**What is being asked**
One number, and no other words, should make up the answer: how many lines of the listing contain the string "whole".

-------

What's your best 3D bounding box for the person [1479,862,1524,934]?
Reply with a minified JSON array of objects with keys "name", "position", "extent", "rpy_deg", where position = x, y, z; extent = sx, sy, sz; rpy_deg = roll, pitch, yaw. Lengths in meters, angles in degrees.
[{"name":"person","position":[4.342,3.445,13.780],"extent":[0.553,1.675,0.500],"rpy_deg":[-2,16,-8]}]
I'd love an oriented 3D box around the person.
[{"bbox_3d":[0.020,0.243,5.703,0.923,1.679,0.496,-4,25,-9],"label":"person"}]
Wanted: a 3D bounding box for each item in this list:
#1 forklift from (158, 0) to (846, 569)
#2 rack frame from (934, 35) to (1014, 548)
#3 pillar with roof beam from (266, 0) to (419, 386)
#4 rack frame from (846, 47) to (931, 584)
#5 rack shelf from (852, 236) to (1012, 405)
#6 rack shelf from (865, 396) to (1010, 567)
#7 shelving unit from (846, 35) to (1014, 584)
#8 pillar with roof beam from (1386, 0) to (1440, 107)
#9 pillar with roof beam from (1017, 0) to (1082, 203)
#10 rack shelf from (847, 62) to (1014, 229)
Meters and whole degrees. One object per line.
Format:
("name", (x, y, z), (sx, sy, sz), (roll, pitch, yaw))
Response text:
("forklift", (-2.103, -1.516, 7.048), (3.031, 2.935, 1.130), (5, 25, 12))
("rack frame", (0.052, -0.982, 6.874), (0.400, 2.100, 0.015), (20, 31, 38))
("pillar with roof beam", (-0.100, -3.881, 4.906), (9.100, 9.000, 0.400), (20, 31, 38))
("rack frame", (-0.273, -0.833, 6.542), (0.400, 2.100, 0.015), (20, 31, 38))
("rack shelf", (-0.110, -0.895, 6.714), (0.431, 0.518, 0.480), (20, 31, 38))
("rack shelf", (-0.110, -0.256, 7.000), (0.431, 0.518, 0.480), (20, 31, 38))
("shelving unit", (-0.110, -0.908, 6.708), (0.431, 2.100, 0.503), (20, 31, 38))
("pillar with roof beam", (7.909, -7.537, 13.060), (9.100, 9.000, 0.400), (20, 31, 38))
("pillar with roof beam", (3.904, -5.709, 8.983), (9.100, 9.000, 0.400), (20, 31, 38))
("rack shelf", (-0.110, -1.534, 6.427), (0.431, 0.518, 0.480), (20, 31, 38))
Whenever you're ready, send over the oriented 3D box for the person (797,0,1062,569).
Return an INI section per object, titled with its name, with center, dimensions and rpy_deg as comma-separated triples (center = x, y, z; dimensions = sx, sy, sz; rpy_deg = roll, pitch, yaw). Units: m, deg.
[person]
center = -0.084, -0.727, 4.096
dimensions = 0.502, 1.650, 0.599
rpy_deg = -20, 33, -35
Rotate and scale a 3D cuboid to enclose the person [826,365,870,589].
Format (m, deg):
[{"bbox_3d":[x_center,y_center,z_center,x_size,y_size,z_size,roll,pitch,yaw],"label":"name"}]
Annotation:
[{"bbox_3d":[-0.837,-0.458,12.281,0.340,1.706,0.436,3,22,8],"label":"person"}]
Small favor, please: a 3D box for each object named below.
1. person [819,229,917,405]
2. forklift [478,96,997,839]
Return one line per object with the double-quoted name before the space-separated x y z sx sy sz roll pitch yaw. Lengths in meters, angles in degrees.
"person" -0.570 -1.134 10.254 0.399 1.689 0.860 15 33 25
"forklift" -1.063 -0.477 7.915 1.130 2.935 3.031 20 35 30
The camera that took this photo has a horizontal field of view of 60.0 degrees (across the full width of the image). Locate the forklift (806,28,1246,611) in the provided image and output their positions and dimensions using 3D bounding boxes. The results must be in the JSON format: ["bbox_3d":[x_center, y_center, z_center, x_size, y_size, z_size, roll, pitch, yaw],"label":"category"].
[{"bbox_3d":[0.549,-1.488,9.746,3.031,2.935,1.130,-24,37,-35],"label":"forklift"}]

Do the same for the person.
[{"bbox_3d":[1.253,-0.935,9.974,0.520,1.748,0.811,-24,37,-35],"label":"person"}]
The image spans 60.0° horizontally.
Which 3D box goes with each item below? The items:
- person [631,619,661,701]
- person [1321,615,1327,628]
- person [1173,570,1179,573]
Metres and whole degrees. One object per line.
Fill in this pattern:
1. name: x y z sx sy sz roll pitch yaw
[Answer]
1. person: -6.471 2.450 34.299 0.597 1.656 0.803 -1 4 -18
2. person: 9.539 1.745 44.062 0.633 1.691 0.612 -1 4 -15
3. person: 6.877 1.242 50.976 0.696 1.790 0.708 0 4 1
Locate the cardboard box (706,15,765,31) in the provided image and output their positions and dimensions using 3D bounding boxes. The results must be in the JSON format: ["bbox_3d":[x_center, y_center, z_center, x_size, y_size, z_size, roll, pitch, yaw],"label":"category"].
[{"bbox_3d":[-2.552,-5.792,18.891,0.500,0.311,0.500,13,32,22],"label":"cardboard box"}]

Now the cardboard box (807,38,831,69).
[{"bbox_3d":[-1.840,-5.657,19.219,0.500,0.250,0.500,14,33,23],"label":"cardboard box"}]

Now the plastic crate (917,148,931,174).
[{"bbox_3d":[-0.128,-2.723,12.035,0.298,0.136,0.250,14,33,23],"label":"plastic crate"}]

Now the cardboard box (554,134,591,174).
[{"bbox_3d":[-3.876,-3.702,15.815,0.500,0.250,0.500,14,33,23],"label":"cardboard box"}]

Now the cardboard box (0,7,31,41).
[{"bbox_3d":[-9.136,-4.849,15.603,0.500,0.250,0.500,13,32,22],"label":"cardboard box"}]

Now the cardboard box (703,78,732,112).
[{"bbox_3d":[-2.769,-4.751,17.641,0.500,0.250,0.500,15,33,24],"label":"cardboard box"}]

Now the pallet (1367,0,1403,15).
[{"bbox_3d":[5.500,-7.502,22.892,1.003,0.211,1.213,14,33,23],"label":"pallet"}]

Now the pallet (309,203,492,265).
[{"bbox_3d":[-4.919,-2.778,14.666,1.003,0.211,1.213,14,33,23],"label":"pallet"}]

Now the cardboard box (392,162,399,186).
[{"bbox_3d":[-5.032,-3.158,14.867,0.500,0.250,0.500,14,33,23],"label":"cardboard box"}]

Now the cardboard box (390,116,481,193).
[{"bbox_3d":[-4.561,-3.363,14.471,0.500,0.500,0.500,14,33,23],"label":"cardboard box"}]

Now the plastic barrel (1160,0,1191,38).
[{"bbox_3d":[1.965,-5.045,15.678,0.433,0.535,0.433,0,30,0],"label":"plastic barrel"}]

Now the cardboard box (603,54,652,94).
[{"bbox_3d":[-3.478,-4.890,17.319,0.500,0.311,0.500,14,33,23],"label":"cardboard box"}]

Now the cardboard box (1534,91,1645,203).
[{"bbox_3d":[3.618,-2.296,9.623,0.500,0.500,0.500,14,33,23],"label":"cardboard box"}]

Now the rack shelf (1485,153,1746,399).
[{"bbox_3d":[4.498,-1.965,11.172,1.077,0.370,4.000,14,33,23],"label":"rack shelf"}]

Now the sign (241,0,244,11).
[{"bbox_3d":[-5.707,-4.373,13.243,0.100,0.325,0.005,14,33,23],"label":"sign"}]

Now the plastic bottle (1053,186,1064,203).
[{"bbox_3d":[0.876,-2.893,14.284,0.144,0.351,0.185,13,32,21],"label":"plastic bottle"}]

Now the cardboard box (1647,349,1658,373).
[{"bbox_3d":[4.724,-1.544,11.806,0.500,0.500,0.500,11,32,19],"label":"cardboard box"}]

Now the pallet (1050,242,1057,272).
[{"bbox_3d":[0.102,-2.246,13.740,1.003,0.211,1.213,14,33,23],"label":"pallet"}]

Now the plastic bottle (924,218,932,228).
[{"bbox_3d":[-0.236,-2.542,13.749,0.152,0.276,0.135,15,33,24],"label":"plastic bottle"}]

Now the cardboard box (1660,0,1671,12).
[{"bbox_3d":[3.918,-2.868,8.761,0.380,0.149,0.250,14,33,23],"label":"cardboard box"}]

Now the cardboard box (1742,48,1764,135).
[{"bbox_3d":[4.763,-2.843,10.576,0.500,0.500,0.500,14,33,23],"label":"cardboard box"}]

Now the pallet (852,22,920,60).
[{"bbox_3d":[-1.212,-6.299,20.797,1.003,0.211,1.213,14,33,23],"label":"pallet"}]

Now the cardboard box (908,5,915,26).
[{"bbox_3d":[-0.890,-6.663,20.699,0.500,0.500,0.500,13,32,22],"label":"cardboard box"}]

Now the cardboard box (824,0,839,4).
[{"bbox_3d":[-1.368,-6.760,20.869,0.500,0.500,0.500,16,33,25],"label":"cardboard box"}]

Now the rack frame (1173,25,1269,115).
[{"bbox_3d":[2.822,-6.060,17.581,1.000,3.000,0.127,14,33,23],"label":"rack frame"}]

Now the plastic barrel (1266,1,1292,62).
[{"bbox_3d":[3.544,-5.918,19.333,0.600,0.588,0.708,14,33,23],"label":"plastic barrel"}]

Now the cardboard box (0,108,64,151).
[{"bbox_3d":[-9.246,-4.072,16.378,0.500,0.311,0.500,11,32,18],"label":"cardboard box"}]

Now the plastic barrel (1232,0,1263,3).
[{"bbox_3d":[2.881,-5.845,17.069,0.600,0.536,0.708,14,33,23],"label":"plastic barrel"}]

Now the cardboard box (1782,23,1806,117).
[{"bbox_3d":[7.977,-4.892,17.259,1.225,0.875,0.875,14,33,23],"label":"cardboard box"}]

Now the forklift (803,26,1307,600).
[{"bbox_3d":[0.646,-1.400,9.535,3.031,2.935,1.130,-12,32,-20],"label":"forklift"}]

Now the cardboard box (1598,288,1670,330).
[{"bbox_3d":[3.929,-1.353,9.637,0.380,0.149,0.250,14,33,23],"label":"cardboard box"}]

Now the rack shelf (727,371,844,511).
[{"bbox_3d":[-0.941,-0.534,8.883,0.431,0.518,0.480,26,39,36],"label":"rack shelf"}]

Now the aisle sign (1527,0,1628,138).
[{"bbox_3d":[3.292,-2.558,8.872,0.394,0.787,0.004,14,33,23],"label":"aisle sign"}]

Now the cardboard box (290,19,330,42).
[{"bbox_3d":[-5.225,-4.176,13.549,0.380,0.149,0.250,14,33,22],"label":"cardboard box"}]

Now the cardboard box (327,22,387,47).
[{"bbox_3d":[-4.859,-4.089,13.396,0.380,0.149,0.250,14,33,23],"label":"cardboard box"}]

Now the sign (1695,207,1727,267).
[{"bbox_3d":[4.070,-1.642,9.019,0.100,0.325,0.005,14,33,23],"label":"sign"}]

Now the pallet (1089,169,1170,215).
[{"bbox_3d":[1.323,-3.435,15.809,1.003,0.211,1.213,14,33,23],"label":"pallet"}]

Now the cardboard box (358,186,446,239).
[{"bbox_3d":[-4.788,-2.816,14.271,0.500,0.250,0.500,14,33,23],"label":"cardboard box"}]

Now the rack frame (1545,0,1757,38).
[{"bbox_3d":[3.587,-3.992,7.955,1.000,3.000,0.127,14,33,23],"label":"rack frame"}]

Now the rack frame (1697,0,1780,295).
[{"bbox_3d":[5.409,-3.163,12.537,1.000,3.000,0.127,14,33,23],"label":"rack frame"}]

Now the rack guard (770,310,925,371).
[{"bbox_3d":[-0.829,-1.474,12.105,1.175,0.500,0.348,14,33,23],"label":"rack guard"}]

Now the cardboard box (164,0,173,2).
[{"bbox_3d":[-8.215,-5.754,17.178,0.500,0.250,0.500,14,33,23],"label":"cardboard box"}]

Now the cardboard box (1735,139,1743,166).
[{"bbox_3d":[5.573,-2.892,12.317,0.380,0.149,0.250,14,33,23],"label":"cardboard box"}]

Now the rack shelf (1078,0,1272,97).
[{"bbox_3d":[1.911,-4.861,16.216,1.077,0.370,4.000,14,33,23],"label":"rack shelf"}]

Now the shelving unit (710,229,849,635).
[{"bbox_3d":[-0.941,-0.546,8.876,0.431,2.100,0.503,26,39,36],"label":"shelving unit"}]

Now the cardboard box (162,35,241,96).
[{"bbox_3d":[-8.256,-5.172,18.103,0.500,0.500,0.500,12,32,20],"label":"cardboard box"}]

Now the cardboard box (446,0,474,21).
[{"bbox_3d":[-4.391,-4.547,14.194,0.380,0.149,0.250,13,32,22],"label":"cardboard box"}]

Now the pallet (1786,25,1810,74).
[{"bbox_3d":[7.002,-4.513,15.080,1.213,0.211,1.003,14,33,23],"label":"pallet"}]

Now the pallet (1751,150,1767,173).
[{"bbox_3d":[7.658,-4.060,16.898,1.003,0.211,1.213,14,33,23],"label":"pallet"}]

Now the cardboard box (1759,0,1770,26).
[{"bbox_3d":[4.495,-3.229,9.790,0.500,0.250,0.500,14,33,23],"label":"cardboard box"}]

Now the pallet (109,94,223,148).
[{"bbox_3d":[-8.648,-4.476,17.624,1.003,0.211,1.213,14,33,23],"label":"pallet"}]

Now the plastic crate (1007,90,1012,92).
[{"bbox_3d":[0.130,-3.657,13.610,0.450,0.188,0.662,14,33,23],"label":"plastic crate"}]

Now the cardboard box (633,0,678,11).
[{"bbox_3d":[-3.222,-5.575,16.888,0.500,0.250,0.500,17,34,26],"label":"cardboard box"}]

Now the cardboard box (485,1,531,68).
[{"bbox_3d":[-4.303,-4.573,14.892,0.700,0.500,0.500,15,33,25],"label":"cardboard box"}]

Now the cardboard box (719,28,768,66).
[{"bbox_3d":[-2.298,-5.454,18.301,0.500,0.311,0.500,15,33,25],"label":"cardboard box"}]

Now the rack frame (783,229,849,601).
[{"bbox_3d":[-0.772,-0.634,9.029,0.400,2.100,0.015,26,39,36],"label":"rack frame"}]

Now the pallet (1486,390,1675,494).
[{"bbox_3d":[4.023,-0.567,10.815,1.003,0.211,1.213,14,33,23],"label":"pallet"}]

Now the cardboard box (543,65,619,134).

-------

**Exercise result**
2